Su descubrimiento fue un asombro en la garganta del gran Piru Gaínza. Se buscaban futbolistas para formar el primero equipo juvenil en la historia del Athletic y alguien le dijo al mago que en Sestao vivía un chaval que dominaba a todas las pandillas del pueblo. Aquel chico había sido el mejor del colegio La Salle y alguien le había reclutado para el patronato deportivo. Con sus amigos, había formado un equipo, llamado "Los Boinas" que se las tenían tiesas con los de Barakaldo. "Aquí estamos los boinas, todos con alpargatas y no les tenemos miedo a esos chulos de corbata", cantaban antes de los partidos, y Uriarte, arrollador, se los comía vivos. Huelga decir que pasó la prueba, que firmó por el Athletic y que fue el principal protagonista en la primera Copa Juvenil en la historia del club.

Allí, él era un hombre entre niños y en el primer equipo fue un niño que aprendió a ser hombre. Su extraordinaria conexión con Rojo aún se recuerda en los mentideros del estadio, igual que el día que Kubala le llamó para la selección, cosa extraña por entonces o el día en el que vieron aparecer a Julen Guerrero y alguien quiso decir que aquella manera de jugar tan inteligente y aquella forma de llegar al área sin ser detectado, ya lo había visto antes en la figura de Fidel Uriarte.

Con el Athletic anotó ciento veinte goles y estuvo a punto de ganar una liga, la del setenta, pero los nervios y las causas ajenas se lo impidieron. Pero él nunca fue de lamentarse sino de tirar hacia delante, siempre con su mirada felina y su pelo encrespado, indomable. Pura potencia al servicio del Athletic. El León de Urbinaga, como le citaban en las crónicas era pura potencia y no tardó en hacerse un hueco en el once titular del equipo. Y eso que el equipo ya tenía a su interior izquierda, pero era tan el empuje de Uriarte que Txetxu Rojo se vio obligado a coger el once y reconvertirse en un extraordinario extremo izquierdo. Apenas pasaba del metro setenta pero era feroz en el remate de cabeza gracias a su asombrosa capacidad de salto y a su inigualable intuición. Quien mejor le entendió fue Ronnie Allen, aquel entrenador inglés que dejó huella en Bilbao, le dio el diez a Clemente y convenció a Uriarte de que, aunque jugase con el ocho, él era su hombre clave. Cuando Uriarte no jugaba, el Athletic bajaba una marcha.

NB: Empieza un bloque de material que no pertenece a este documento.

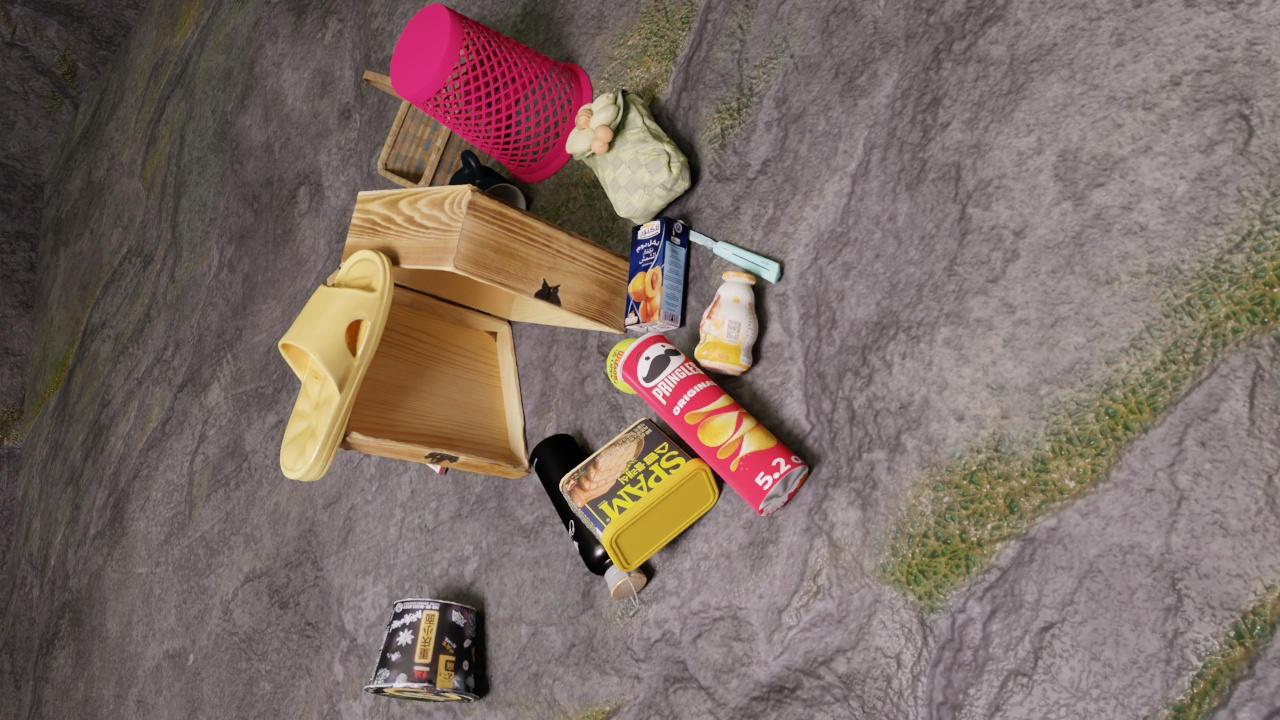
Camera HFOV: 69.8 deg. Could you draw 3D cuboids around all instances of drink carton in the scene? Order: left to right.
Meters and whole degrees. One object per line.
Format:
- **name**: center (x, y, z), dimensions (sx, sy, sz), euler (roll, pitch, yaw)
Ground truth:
- **drink carton**: center (0.018, -0.101, 1.086), dimensions (0.064, 0.040, 0.130), euler (-9, 72, 46)

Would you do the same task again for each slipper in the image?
- **slipper**: center (-0.346, -0.001, 0.987), dimensions (0.100, 0.078, 0.263), euler (14, 87, 45)

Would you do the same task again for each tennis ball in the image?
- **tennis ball**: center (-0.006, 0.006, 1.062), dimensions (0.065, 0.065, 0.065), euler (-14, 68, 38)

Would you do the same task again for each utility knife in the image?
- **utility knife**: center (0.097, -0.126, 1.050), dimensions (0.179, 0.015, 0.022), euler (33, 100, 46)

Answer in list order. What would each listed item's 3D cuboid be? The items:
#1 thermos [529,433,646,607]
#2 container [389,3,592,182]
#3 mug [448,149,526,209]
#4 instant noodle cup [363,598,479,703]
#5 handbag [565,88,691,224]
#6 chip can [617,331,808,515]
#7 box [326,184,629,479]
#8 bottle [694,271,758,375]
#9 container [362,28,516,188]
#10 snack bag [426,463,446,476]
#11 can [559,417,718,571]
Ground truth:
- **thermos**: center (-0.055, 0.185, 1.053), dimensions (0.061, 0.061, 0.231), euler (-50, 50, 19)
- **container**: center (-0.210, -0.370, 1.249), dimensions (0.184, 0.225, 0.183), euler (-14, 68, 38)
- **mug**: center (-0.227, -0.243, 1.303), dimensions (0.085, 0.122, 0.094), euler (-33, 46, -18)
- **instant noodle cup**: center (-0.266, 0.362, 1.146), dimensions (0.138, 0.137, 0.112), euler (-18, 57, 37)
- **handbag**: center (-0.022, -0.257, 1.122), dimensions (0.113, 0.116, 0.186), euler (-47, 49, 21)
- **chip can**: center (0.071, 0.062, 0.948), dimensions (0.220, 0.069, 0.069), euler (43, 107, 30)
- **box**: center (-0.221, -0.020, 1.121), dimensions (0.283, 0.278, 0.315), euler (10, 86, 43)
- **bottle**: center (0.097, -0.040, 0.987), dimensions (0.063, 0.063, 0.108), euler (5, 80, 42)
- **container**: center (-0.315, -0.380, 1.373), dimensions (0.158, 0.186, 0.250), euler (29, 96, 43)
- **snack bag**: center (-0.321, 0.115, 1.345), dimensions (0.158, 0.013, 0.057), euler (22, 94, 43)
- **can**: center (-0.003, 0.139, 0.981), dimensions (0.135, 0.075, 0.104), euler (-36, 45, -14)
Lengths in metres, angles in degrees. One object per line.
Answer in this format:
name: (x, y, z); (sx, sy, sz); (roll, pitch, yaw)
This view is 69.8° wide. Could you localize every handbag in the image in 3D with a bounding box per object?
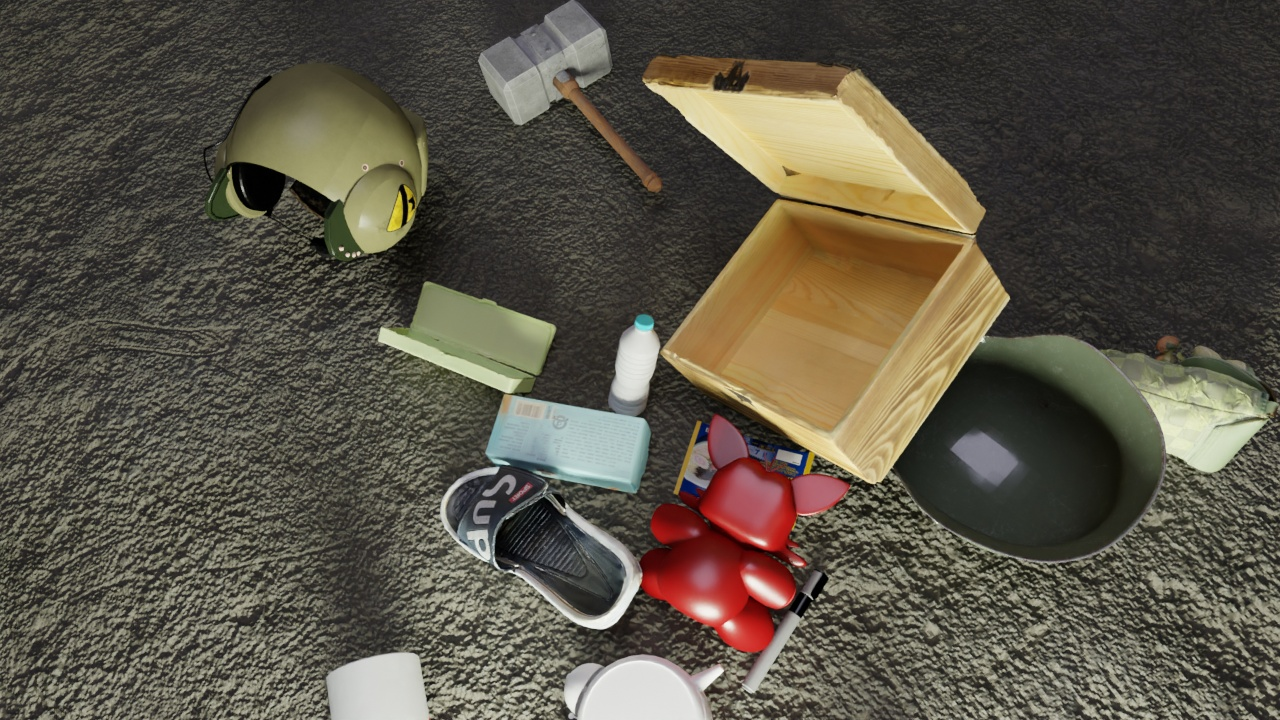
handbag: (0.542, 0.030, 0.940); (0.186, 0.113, 0.116); (21, 61, 18)

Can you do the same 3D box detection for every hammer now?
hammer: (-0.064, -0.327, 1.215); (0.162, 0.083, 0.317); (-34, 64, -9)

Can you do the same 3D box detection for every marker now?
marker: (0.146, 0.273, 0.929); (0.016, 0.016, 0.140); (31, 72, 20)

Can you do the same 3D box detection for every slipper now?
slipper: (-0.116, 0.182, 0.963); (0.264, 0.063, 0.111); (29, 77, 31)

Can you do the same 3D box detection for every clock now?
clock: (0.004, 0.354, 0.888); (0.161, 0.073, 0.125); (-5, 63, 14)

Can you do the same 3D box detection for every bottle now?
bottle: (-0.006, 0.006, 1.015); (0.044, 0.136, 0.044); (6, 44, -6)

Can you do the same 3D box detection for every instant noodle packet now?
instant noodle packet: (0.113, 0.123, 1.001); (0.134, 0.026, 0.087); (15, 72, 14)

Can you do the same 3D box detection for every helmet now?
helmet: (-0.366, -0.226, 1.101); (0.250, 0.256, 0.232); (18, 71, 14)
helmet: (0.352, 0.092, 0.910); (0.226, 0.154, 0.268); (-44, 63, -10)

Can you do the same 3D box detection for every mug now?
mug: (-0.269, 0.356, 0.915); (0.121, 0.091, 0.090); (-34, 59, 28)

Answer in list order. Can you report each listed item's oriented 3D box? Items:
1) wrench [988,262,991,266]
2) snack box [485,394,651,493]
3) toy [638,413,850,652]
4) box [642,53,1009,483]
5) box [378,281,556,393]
wrench: (0.280, -0.098, 1.080); (0.273, 0.010, 0.070); (2, 66, 9)
snack box: (-0.080, 0.093, 1.029); (0.175, 0.053, 0.074); (8, 65, 14)
toy: (0.095, 0.175, 0.919); (0.158, 0.120, 0.197); (28, 88, 22)
box: (0.139, -0.121, 0.877); (0.286, 0.336, 0.279); (-51, 35, -8)
box: (-0.208, -0.028, 1.090); (0.188, 0.082, 0.098); (18, 94, 16)

La muestra más clara de la energía que Uriarte insuflaba a su tropa fue el cinco a cero que le endosaron al Real Madrid en San Mamés una fría tarde de febrero de 1970. Aquel día, el Athletic volaba en el barro y Uriarte hizo boquear a Velázquez, porque aquel centrocampista con alma de delantero no cejaba en su empeño. Iba y venía, venía y volvía a ir, infatigable, puso en pie a San Mamés como en tantas tardes de gloria. Nadie podía suponer que aquella soleada tarde de marzo del setenta y cuatro, en Málaga, jugaría su último partido con la camiseta del Athletic.

Málaga. Otra vez Málaga. Allí empezó todo y allí terminó. Y allí volvió a empezar, porque con los albiazules jugó otras cuatro temporadas, en el eje de la zaga y enseñó a los jóvenes que el fútbol no era sólo una cuestión de corazón sino que debía vivir en la cabeza. Porque el fútbol no basta con jugarlo, al fútbol hay que entenderlo y él lo entendió desde el principio. Por ello, el propio Di Stéfano, que había visto el manejo de su zurda y su desparpajo en la conducción la primera vez que visitó el Bernabéu, se acercó a él para decirle "Pibe, es usted muy bueno ¿Por qué no deja de perseguirme y se dedica a jugar al fútbol? Yo prometo no perseguirle a usted". Y claro, Di Stéfano marcó dos goles, el Madrid ganó por tres a dos y Uriarte tomó como modelo al madridista para saber que el fútbol, aparte de un deporte, también podía ser una partida de ajedrez.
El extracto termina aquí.